Amber Asylum has been a force in the post-rock/post-metal domain, since the mid '90s. With their origin found back in 1996 with the release of Frozen In Amber, this intriguing band was able to keep a presence, unfortunately not as constant as we would prefer. The seven year drought leading to the release of 2007's Still Point was the first instance of a prolonged break from the band, but since then they appear invigorated, bringing another excellent album in Bitter River before laying low for a while (even though they released a live album, Live In Wroclaw.) So, Sin Eater comes six years after their last full-length, and also marks the first release of the band through Prophecy Productions.
The elements that forge the sound of Amber Asylum are quite diverse. Sure, we have seen post-rock and doom or sludge merge quite nicely, but the case with these guys that aspect is quite different. Firstly, it is the instrumentations that throw you off, since the band makes use of a classical instrumentation, with stunning string arrangements crafting a darker, mesmerizing sound. From the very intro of “Perfect Calm” that aspect flourishes, while the one-dimensional approach in terms of the tempo allows them to take their time in terms of progression, allowing for this chamber doom aspect to unfold.
That is probably the most accurate description I have seen in a while. Calling Amber Asylum's music chamber doom just feels right. The doom tone is heavily rooted within the core of the band, ranging from ethereal leanings to gloomy vibes. Especially when the vocal lines and drums are introduced in the music, the final picture just clicks and makes perfect sense. Another quality of doom that this band's possess is the sorrowful lead tones that creep in the tracks, with “Beast Star” and “Paean” filled with such parts. And the fact that those leads are actually coming from a string section is even more impressive and drenches the tone even more in the mournful congregation of Amber Asylum. It is simply a case of projecting the power of doom to a different domain, and that is what this band does so well, managing to unleash the heaviness and melancholy of doom without the need for distorted guitars, a point clearly made in the final part of “Perfect Calm.” The cover of Candlemass' “TOT,” one of the lesser known track of the legendary doom band (founded in the From The 13th Sun album,) fits perfectly with the sound of Amber Asylum, since it encompasses the heavy melody of the doom genre in its structure.
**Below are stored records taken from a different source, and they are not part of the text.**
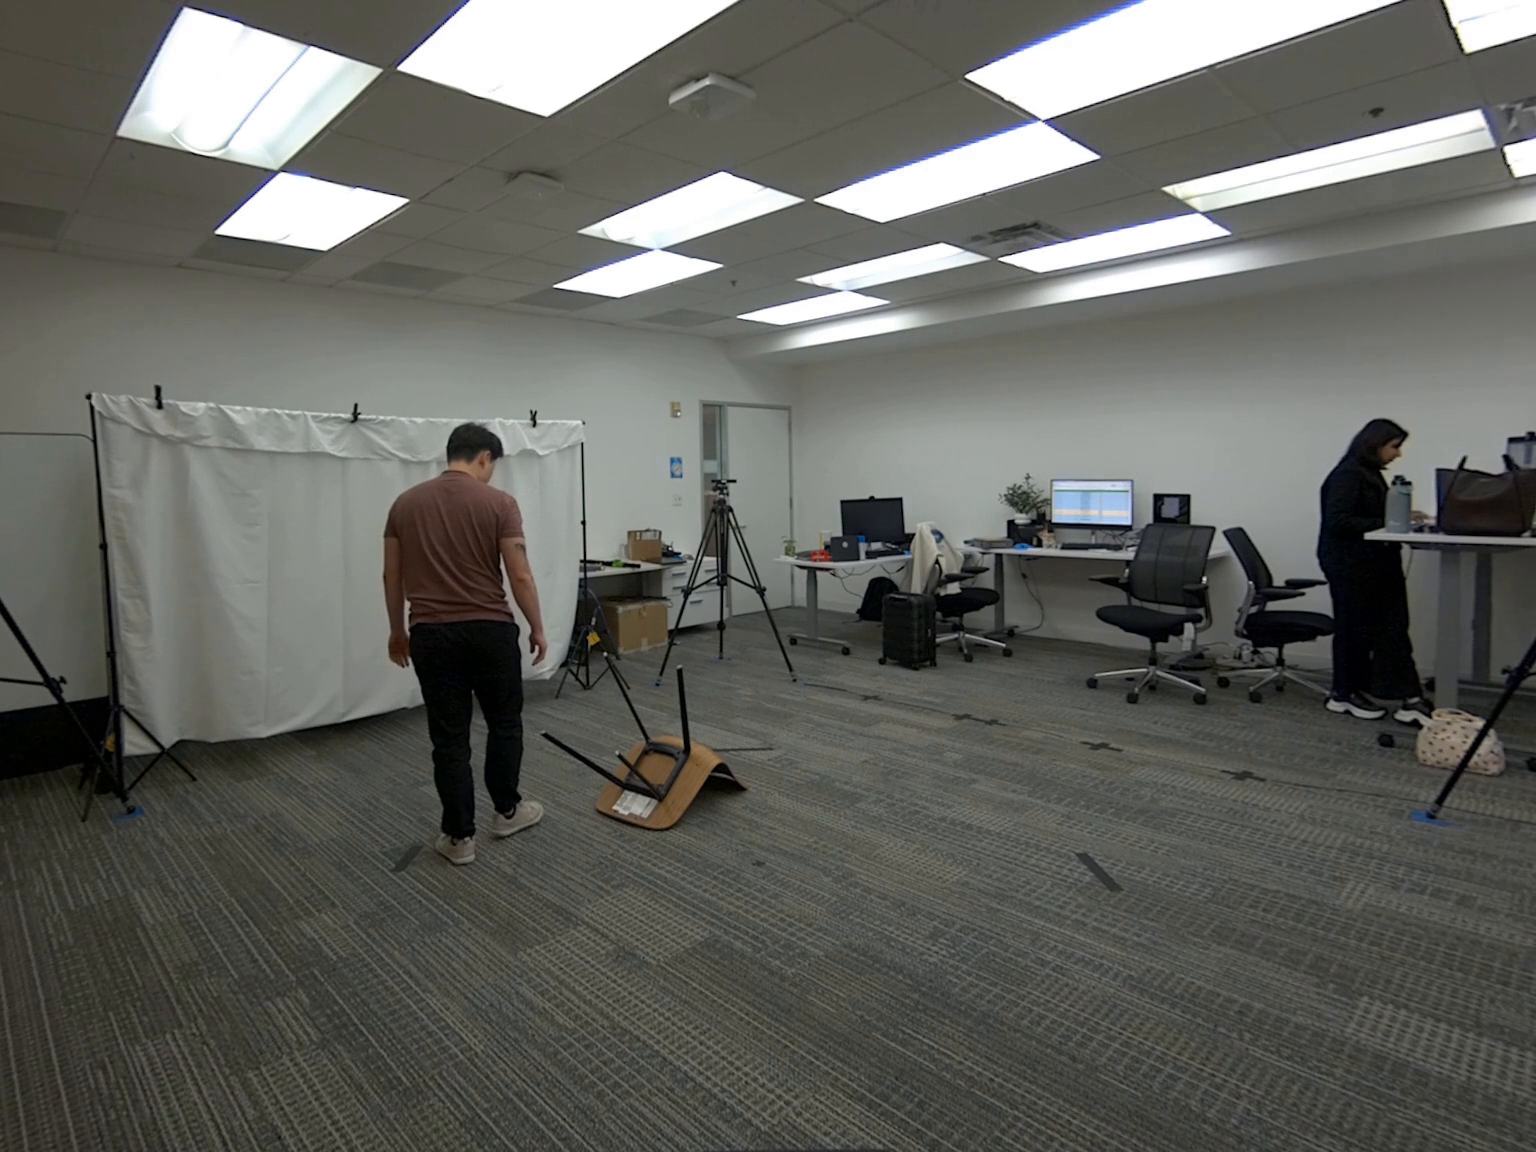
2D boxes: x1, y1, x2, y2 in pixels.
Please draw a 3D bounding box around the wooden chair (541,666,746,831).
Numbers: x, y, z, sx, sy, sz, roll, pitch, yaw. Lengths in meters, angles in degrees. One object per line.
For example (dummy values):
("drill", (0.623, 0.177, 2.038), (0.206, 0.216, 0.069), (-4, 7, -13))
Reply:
("wooden chair", (-0.485, 0.825, 3.652), (0.492, 0.847, 0.526), (2, 45, 37))

However, there is a certain progression with Sin Eater, and even though the first five songs might convince you that this is all there is in Amber Asylum's music, there is something more twisted lurking. Some adjustments are found along the way: the minimal approach of “Harvester,” especially the intro, and the ritualistic, verging on militaristic, unfolding of “Paean” are preparing you for what the two final tracks of the album hold.
Taking on a more experimental outlook, Amber Asylum allow themselves to indulge in dissonance and sonic alchemy with “Executioner.” The saturated guitars kick off this spacious, solitary opus through the darkened mindset of its composers, with noise aspects coming in and the construction of soundscapes becoming surreal as synths are added to the towering track. The doom quality is still there, but it has been mutated, twisted beyond recognition. The title track takes over, seeing the band dwelling even deeper in this experimental territory, with a great arrangement of the strings in terms of the panorama of the track. The vibe is more aggressive, with a more direct tone revealing a hint of malice, as the abrupt pitch shifting turns to an even more relentless and constant sonic effect and merges with the background rhythmic patterns to make a constant, ever-changing force.
Sin Eater appears to contain two different identities. On one hand, there is the chamber doom self, taking the elements of doom and post-rock, channeling them through the classical leanings of Amber Asylum. However, it is the second aspect, the experimental self of Amber Asylum that takes this album to another level.